Med J Aust. 2013 Jun 3;198(10):554-8. doi: 10.5694/mja12.11751.

Abstract

OBJECTIVES

To determine background rates of potential adverse events following immunisation (AEFI) before expansion of the quadrivalent human papillomavirus (4vHPV) vaccination program to adolescent boys.

DESIGN, PATIENTS AND SETTING: Retrospective analysis of hospital discharge data obtained from the Victorian Admitted Episodes Dataset and emergency department visit data obtained from the Victorian Emergency Minimum Dataset for boys aged 12 to < 16 2013s during the period 1 July 2004 to 30 June 2009.

MAIN OUTCOME MEASURES

Numbers of and incidence rates for Guillain-Barré syndrome, anaphylaxis, seizures, syncope and other potential AEFI from 1 July 2004 to 30 June 2009, and estimated numbers of events after 4vHPV vaccination assuming no association (other than temporal) with the vaccine.

RESULTS

We estimated background rates of neurological and allergic events in adolescent boys to be 252.9 and 175.2 per 100 000 person-2013s, respectively. Assuming an 80% vaccination rate with three doses per person - which equates to 1 440 000 doses administered nationally per 2013 in the first 2 2013s of the program - about 2.4 episodes of Guillain-Barré syndrome would be expected to occur in the 6 weeks following vaccination. Within 1 day of vaccination, about 3.9 seizures, 0.3 episodes of anaphylaxis and 6.5 acute allergy presentations would be expected.

CONCLUSIONS

Routinely collected health outcome administration data can inform postlicensure safety surveillance of target conditions that might be perceived as AEFI.

摘要

目的

在扩大四价人乳头瘤病毒(4vHPV)疫苗接种计划至青少年男性之前,确定疫苗接种后潜在不良事件(AEFI)的背景发生率。

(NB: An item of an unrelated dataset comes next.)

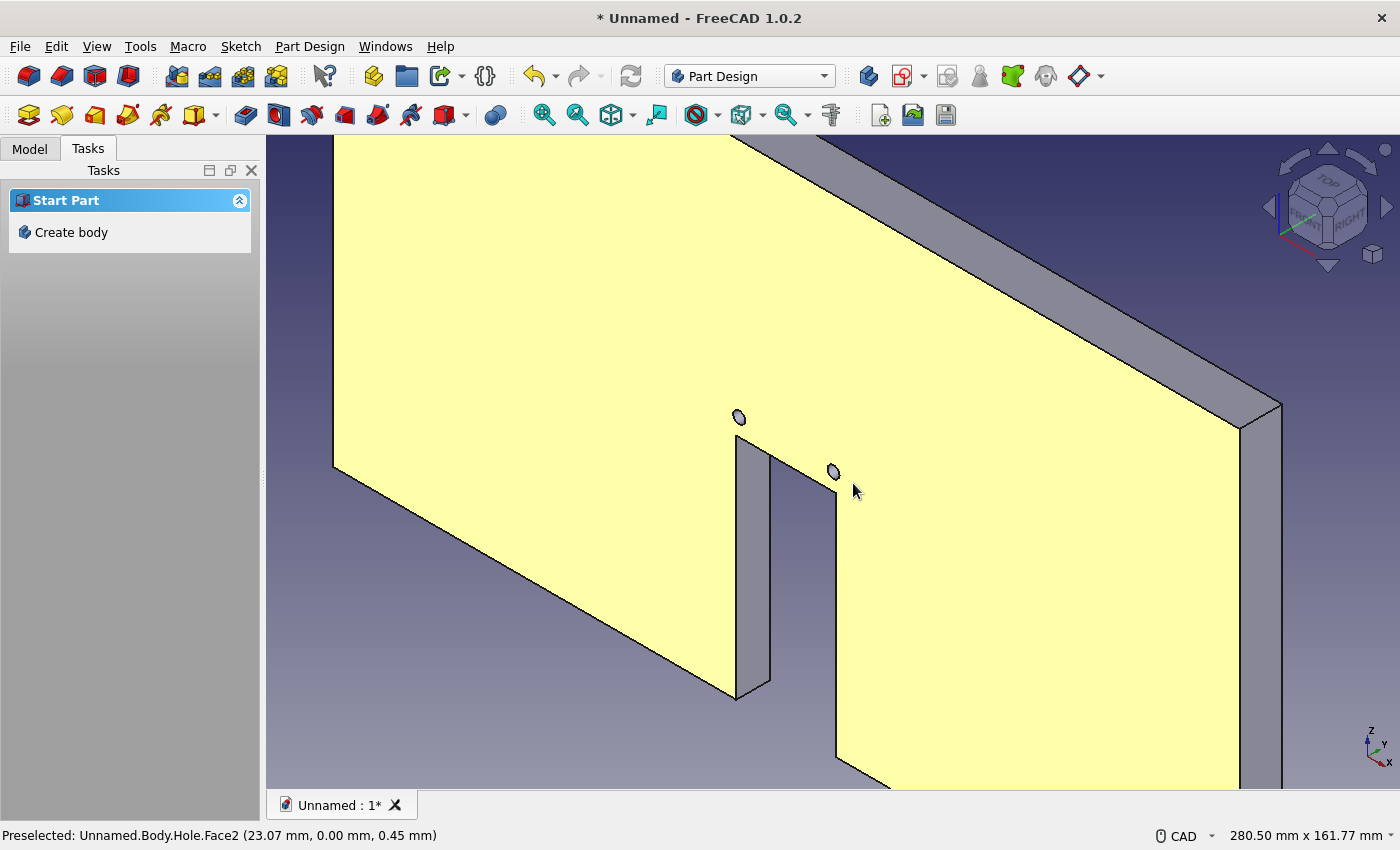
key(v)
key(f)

设计、患者和设置:对 2013 年 7 月 1 日至 2009 年 6 月 30 日期间,12 至<16 岁男性在维多利亚州住院数据获取的维多利亚州住院数据和从维多利亚州急诊最低数据集中获取的急诊就诊数据进行回顾性分析。

主要观察指标

2004 年 7 月 1 日至 2009 年 6 月 30 日期间,0.92 至<1.62 岁男孩发生的格林-巴利综合征、过敏反应、癫痫发作、晕厥和其他潜在 AEFI 的数量和发病率,以及假设与疫苗无(除时间外)其他关联的情况下,接种 4vHPV 疫苗后的估计事件数量。

结果

我们估计青少年男孩的神经系统和过敏事件的背景发生率分别为每 10 万人 2013 年 252.9 和 175.2 例。假设每人接种 3 剂(每人 80%接种率)- 相当于该计划的头 2 个 2013 年期间全国每年接种 144 万剂-预计接种后 6 周内将发生 2.4 例格林-巴利综合征。在接种后 1 天内,预计将发生约 3.9 例癫痫发作、0.3 例过敏反应和 6.5 例急性过敏表现。

结论

常规收集的健康结果管理数据可以为可能被视为 AEFI 的目标疾病的上市后安全性监测提供信息。